Giornaloni in campagna elettorale: "Orsù, montiamo in fretta e furia un bel fronte antipopolare!"
“Il grande partito del disfare è al lavoro”. Con Mario Calabresi sulla Repubblica dell’11 gennaio ci si è posti con affanno la questione della prossima campagna elettorale. Si è deciso di mettere al bando i maldipancia, le preoccupazioni dell’ala sinistra dei lettori repubbliconi, si è arrivati alla convinzione che non si può più scherzare. Vabbé che al timone del gruppo c’è la “tecnica” Mondardini, vabbè che c’è Marco e non Carlo, vabbé che si vuole costruire una complessa liaison con gli Elkan, ma improvvisamente l’idea che non ci sia più un governo che ti informa su tempi e modi di eventuali riforme di società bancarie, consentendo così utili investimenti finanziari, fa impazzire tutta la Famiglia e così si va alla guerra, puntando innanzi tutto sulle élite contro quella merdaccia che è diventato il popolo, e costruendo così un vero e proprio fronte antipopolar-populista. Certo, poi, l’urlo di guerra del direttore è quello che è. Ed è difficile mobilitare un esercito appellandosi a che “nella misura in cui fare è meglio che disfare, allora bisogna appoggiare le truppe gentilonina-renziste”.

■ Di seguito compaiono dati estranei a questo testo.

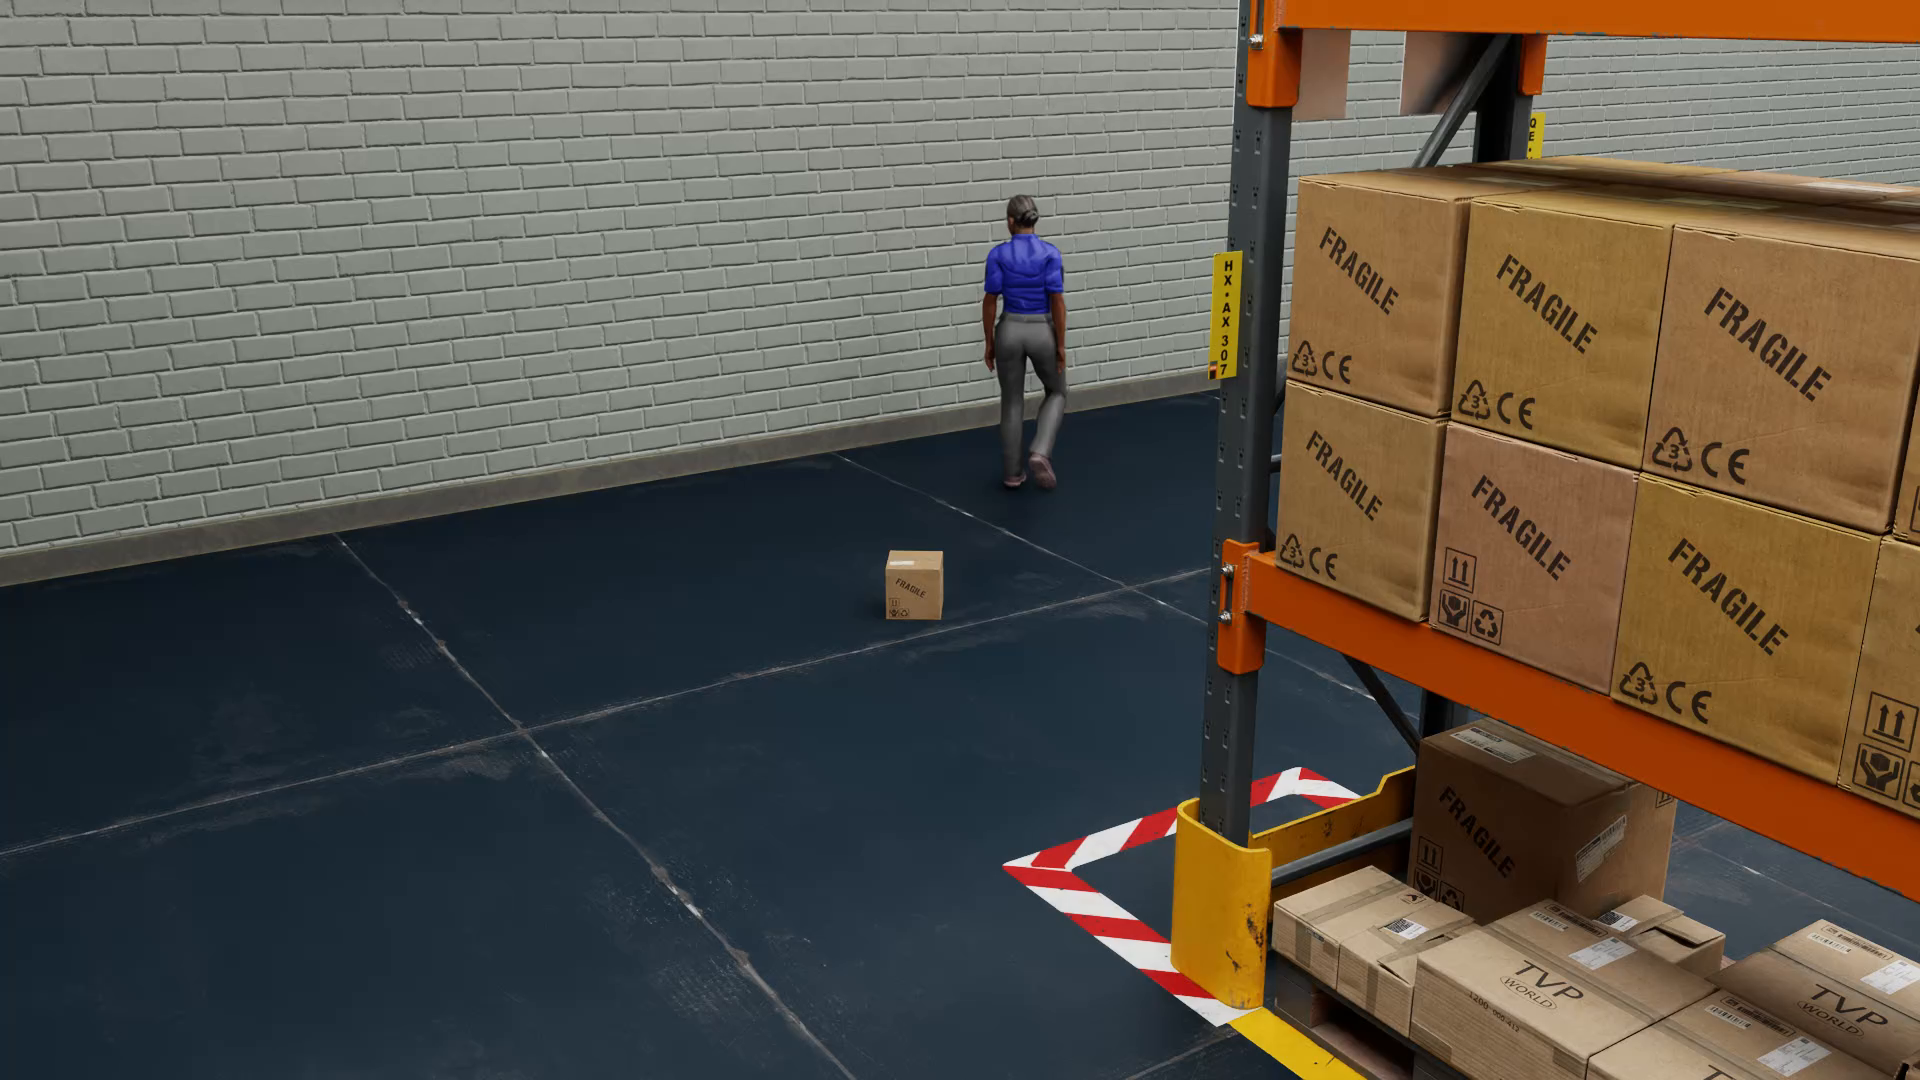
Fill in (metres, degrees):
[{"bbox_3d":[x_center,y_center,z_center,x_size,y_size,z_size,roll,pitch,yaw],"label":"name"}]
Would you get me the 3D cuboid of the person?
[{"bbox_3d":[0.371,-1.099,9.381,0.474,1.676,0.397,2,18,7],"label":"person"}]

Dunque si è corso ai ripari e accanto al flebile condottiero, sempre nel giorno di apertura della campagna cioè l’11 gennaio, si sono schierati i mastini: gli Alberto D’Argenio che se ne vanno a Strasburgo e beccano il capo dei liberali il belga Guy Verhofstadt che dice che “con Salvini in Italia sarebbe a rischio lo stato di diritto”. Si ricorre poi all’usato sicuro, la paura che i cosacchi vengano a bivaccare sul Tevere: “Le elezioni italiane come prima linea della nuova guerra fredda tra Washington e Mosca, quasi un banco di prova della capacità occidentale di reagire alle incursioni della disinformatia russa” scrive Gianluca Di Feo. Si cerca di reclutare una riluttante Susanna Camusso che dopo aver detto che “l’attacco all’articolo 18 parte con Berlusconi, passa per Monti e arriva al Jobs Act di Renzi”, farfuglia anche un "credo che sarebbe positivo se si cogliesse l’occasione di una candidatura unitaria in un’area del Paese, in particolare in quella milanese, dove cresce il numero di giovani e con un significativo tasso di innovazione” non è proprio un grido di guerra e tra l’altro pare quasi chiedere un passo indietro a Giorgio Gori. E’ dunque necessario togliere tutte le ragnatele alle mummie principali del centrosinistra e sfoderarle per mano di Claudio Tito: “Il fondatore dell’Ulivo e quello del Pd. I due padri nobili del centrosinistra scendono in campo”. Tito (che mi pare il tipo più determinato in questa fase) passa poi al lavoro più sporco scrivendo anche che in Lazio “lo sfidante del centrodestra potrebbe essere l’ex missino Maurizio Gasparri”. Proprio lui, il Gasparri che era diventato un porco berlusconiano, abbandonando anche il suo leader (ben valorizzato in Largo Fochetti) del Fronte della Gioventù, Gianfranco Fini, torna per la bisogna a essere “l’ex missino”. A’ la guerre comme à la guerre. Prosegue anche il 12 gennaio la mobilitazione repubblicana per il fronte antipopolare.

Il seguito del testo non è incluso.